Coffee intake has been inversely associated with asthma in adults. We examined the relation between urinary levels of caffeine or caffeine metabolites and asthma, lung function, and fractional exhaled nitric oxide (FeNO) in adults.
Cross-sectional study of 2,832 adults aged 18-79 years in the US National Health and Nutrition Examination Survey (NHANES). Multivariable logistic or linear regression was used for the analysis of urinary levels of caffeine or each of its three major metabolites (paraxanthine, theobromine, and theophylline) and current asthma, lung function, and FeNO.

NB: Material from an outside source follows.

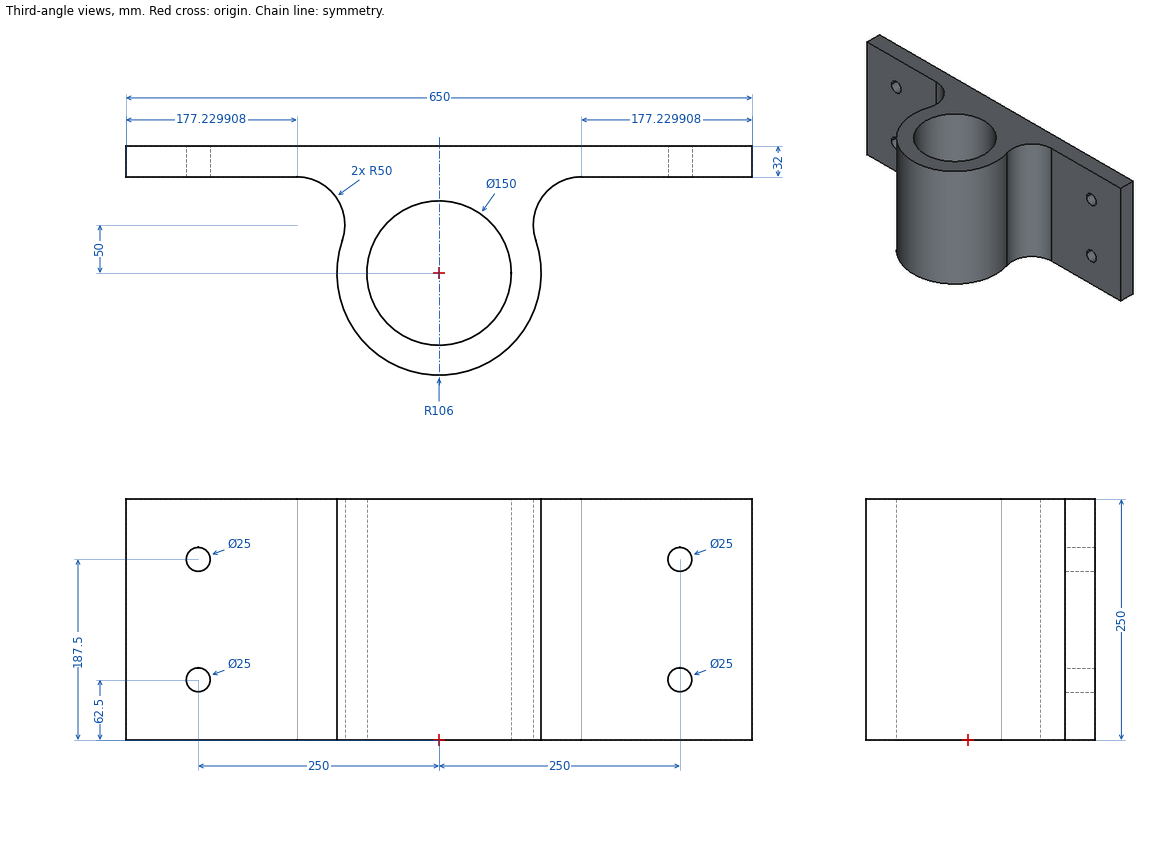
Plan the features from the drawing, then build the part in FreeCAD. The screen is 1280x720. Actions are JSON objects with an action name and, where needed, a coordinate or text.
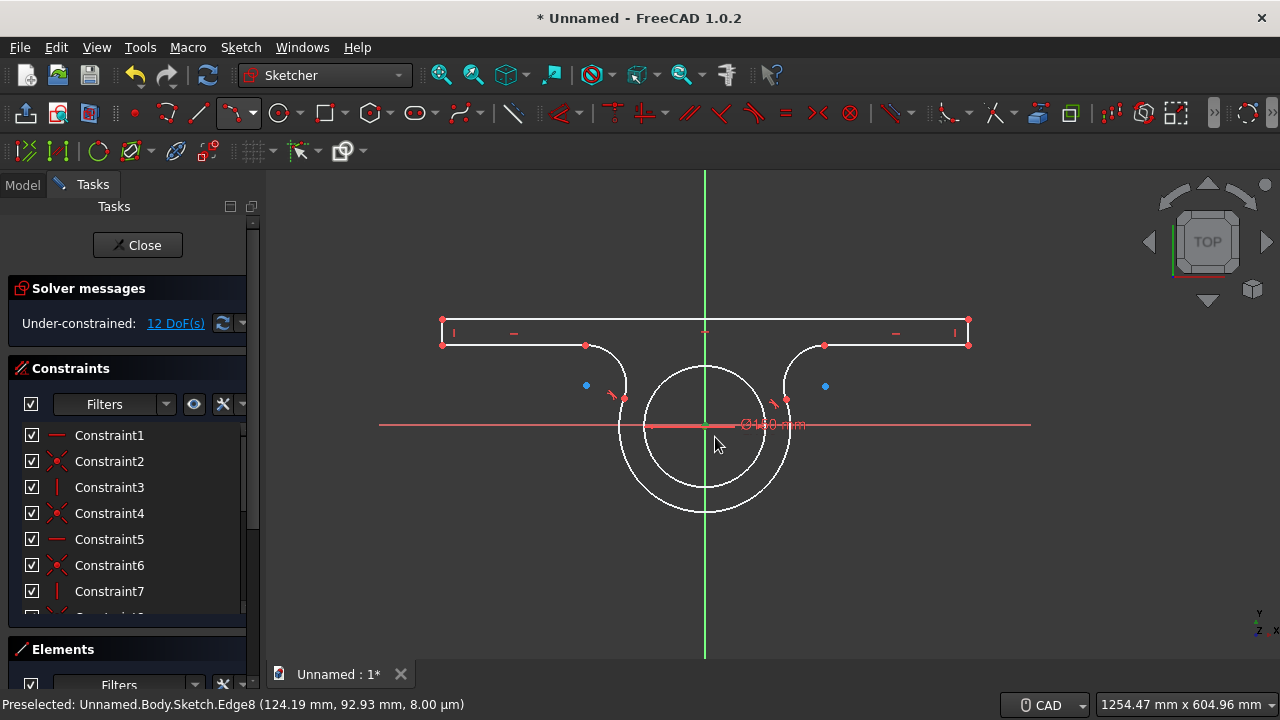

Subjects with urinary paraxanthine levels in the fourth quartile (Q4) had 53% lower odds of current asthma than those whose urinary paraxanthine levels were in the first quartile (Q1; 95% confidence =0.22 to 1.00). Among never and former smokers, subjects with urinary theophylline levels above Q1 had 41% lower odds of current asthma than those whose urinary theophylline level was in Q1 (95% CI =0.38 to 0.91). Among subjects without current asthma, each log10-unit increment in paraxanthine level was associated with a 0.83% increment in percent predicted (%pred) FEV1 and a 1.27% increment in %pred FVC, while each log10-unit in theophylline was associated with a 1.24% increment in %pred FVC. Neither urinary caffeine nor any urinary caffeine metabolite was associated with bronchodilator response or FeNO.
Our findings suggest that two caffeine metabolites (theophylline and paraxanthine) may contribute to the previously reported inverse association between coffee intake and asthma in adults.